Generate population data

# Generate normal distributed data
np.random.seed(222)
df = pd.DataFrame({'value': np.random.normal(loc=40, scale=10, size=10000)})

# Plot histogram and mean (in green)
sns.distplot(df);
plt.xlim(10, 70)
plt.axvline(df.mean()[0], color='darkslateblue');

png

# Check actual mean and standard deviation
df.describe().head(3)
value
count 10000.000000
mean 40.015843
std 9.936291

Generate sample

# Random sample
sample_df = pd.DataFrame(np.random.choice(df['value'], 50))

# Plot sample distribution
sample_df.describe().head(3)
0
count 50.000000
mean 41.321748
std 9.948352

Calculate confidence interval

The confidence interval formula is: \(\bar{x}\pm z*\frac{\sigma}{\sqrt{n}}\)

where:

  • \(\bar{x}\) is the sample mean
  • \(z\) is the z-score
  • \(\sigma\) is the sample standard deviation
  • \(n\) is the sample size
# Calculate confidence interval
x_bar = sample_df.mean()[0] # Sample mean
sigma = sample_df.std()[0]  # Standard deviation
n = len(sample_df)          # Sample size
z_score = 1.96              # Z-score for 95% two-sided interval

ci = [x_bar - z_score * sigma / np.sqrt(n), x_bar + z_score * sigma / np.sqrt(n)]
ci
[38.564205758105565, 44.07929074221945]
# Plot histogram and true population mean
sns.distplot(df, hist=False);
plt.xlim(10, 70)
plt.axvline(df.mean()[0], color='darkslateblue')

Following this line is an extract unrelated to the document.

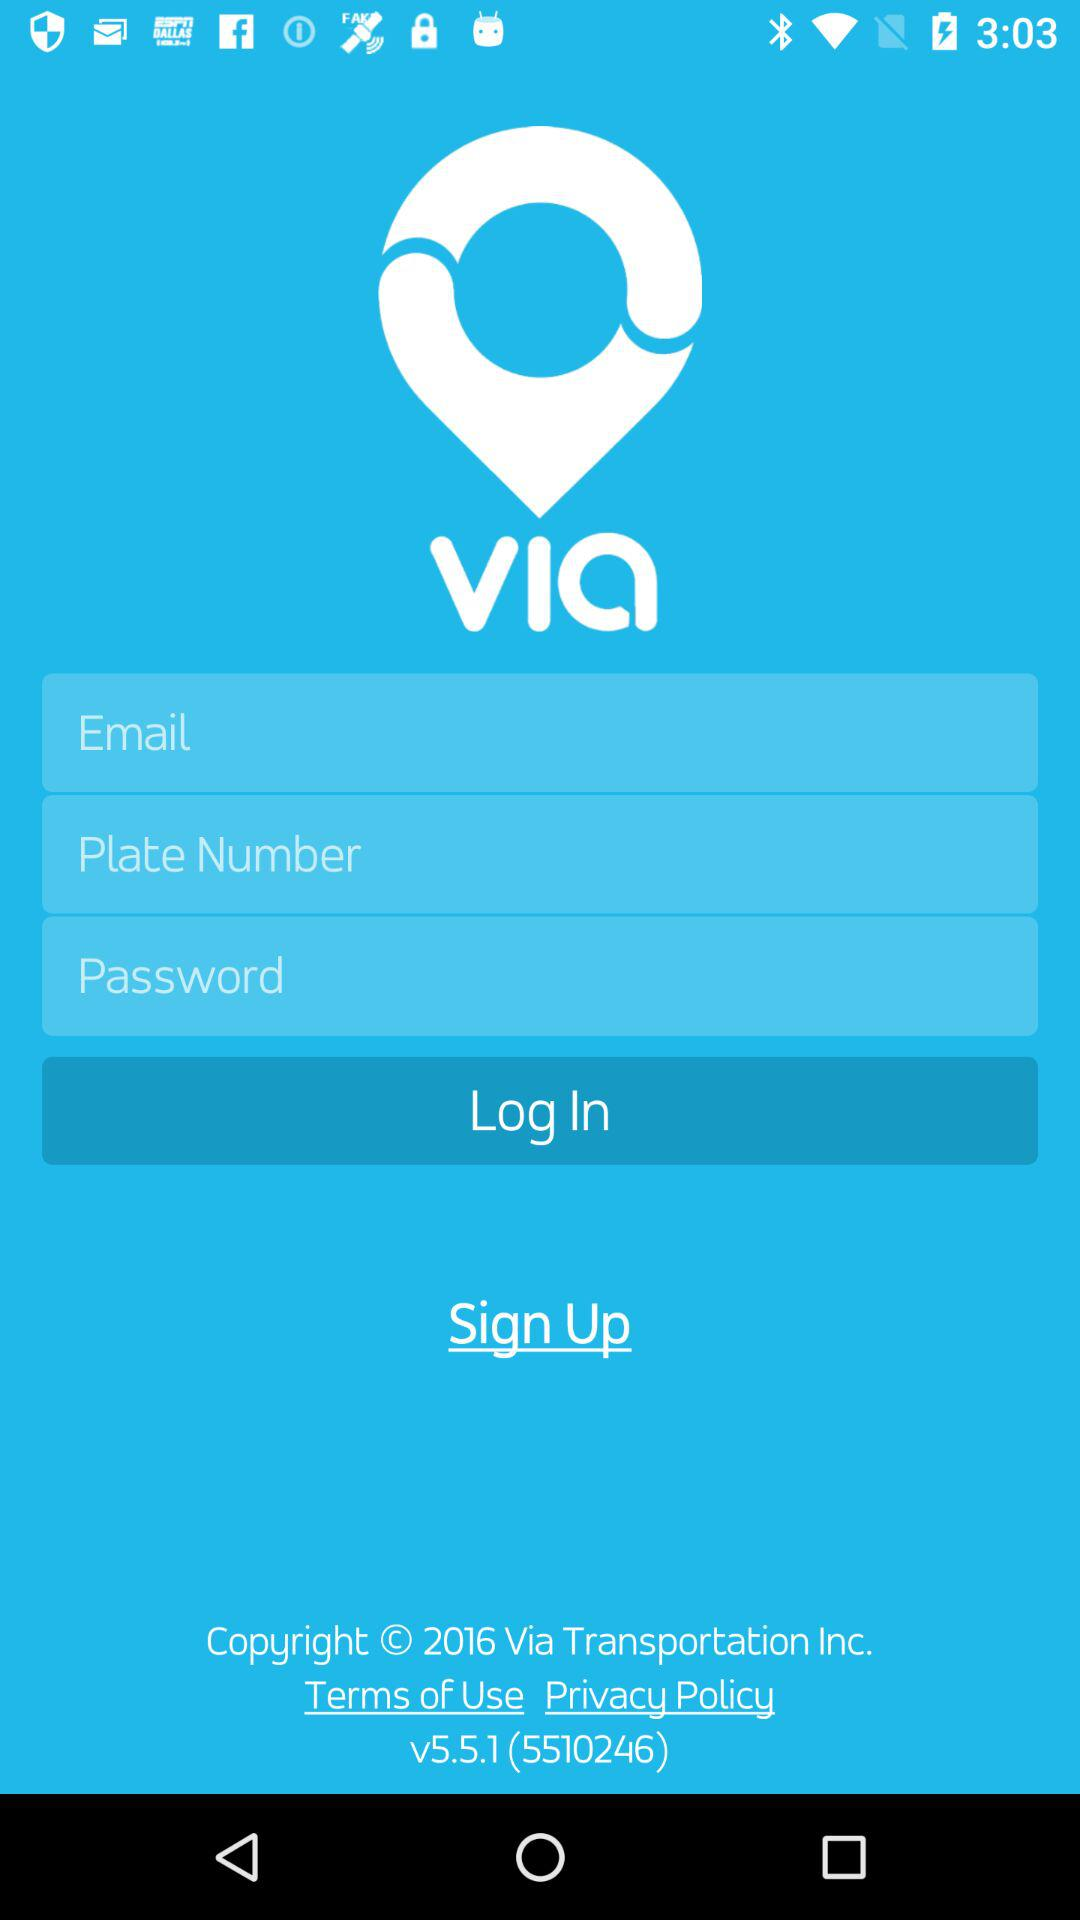Which is the given version? The given version is v5.5.1 (5510246).

# Plot sample mean and confidence interval
plt.axvline(x_bar, color='orange', linestyle='--')
plt.axvspan(ci[0], ci[1], alpha=0.3, color='gold');

png

The plot above shows the population actual distribution with a mean of 40.01, as well as the sample mean (41.32) and a 95% confidence interval of [38.56, 44.08].